Apparently, the majority of people who are forced into bankruptcy because of medical bills actually do have health insurance — they just found out the hard way that their policies had all kinds of loopholes that allowed the insurance companies to deny coverage.

The article has a good point — helping the uninsured is important, but we also need to control runaway health care costs and crack down on insurance companies dumping policyholders or denying coverage.

Diabetes and hard (physical) work

Today I spent about six hours working at the barn. As a type 1 diabetic, this is something I really have to be careful about, because the exercise makes my blood sugar drop.

I've been more active lately, so I've been having to tinker with my insulin doses a little. Usually when I become more active, my Lantus needs dip for a short while, then come back up and settle back where they were before. I think this is because the exercise changes my metabolism, which changes how my body processes sugar.

The other thing I have to make sure of is that I run my blood sugar a bit high before I go out to the barn. If my blood sugar is on the low or normal side, I'll eat a snack; if I'm eating a meal, I'll take a little less insulin than I normally would.
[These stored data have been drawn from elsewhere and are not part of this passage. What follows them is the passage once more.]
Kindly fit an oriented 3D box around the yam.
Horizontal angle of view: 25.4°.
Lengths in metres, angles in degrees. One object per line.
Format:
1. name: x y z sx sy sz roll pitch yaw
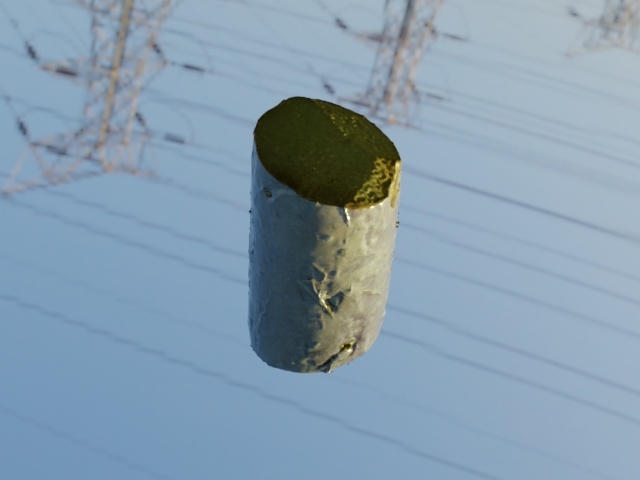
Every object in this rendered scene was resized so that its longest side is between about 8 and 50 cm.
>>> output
1. yam: 0.000 0.000 1.460 0.161 0.268 0.161 4 -141 -3

I also try to always bring my glucagon kit with me when I'm doing something that could make me crash. I didn't today, but I should have. For example, if I go for a bike ride I stick it in my handlebar bag.

It's important to remember that activities such as moving furniture — or, in my case, mucking manure and moving mulch at the barn — are just as active as going to the gym and working out, and therefore can have just as much of an effect on your blood sugar.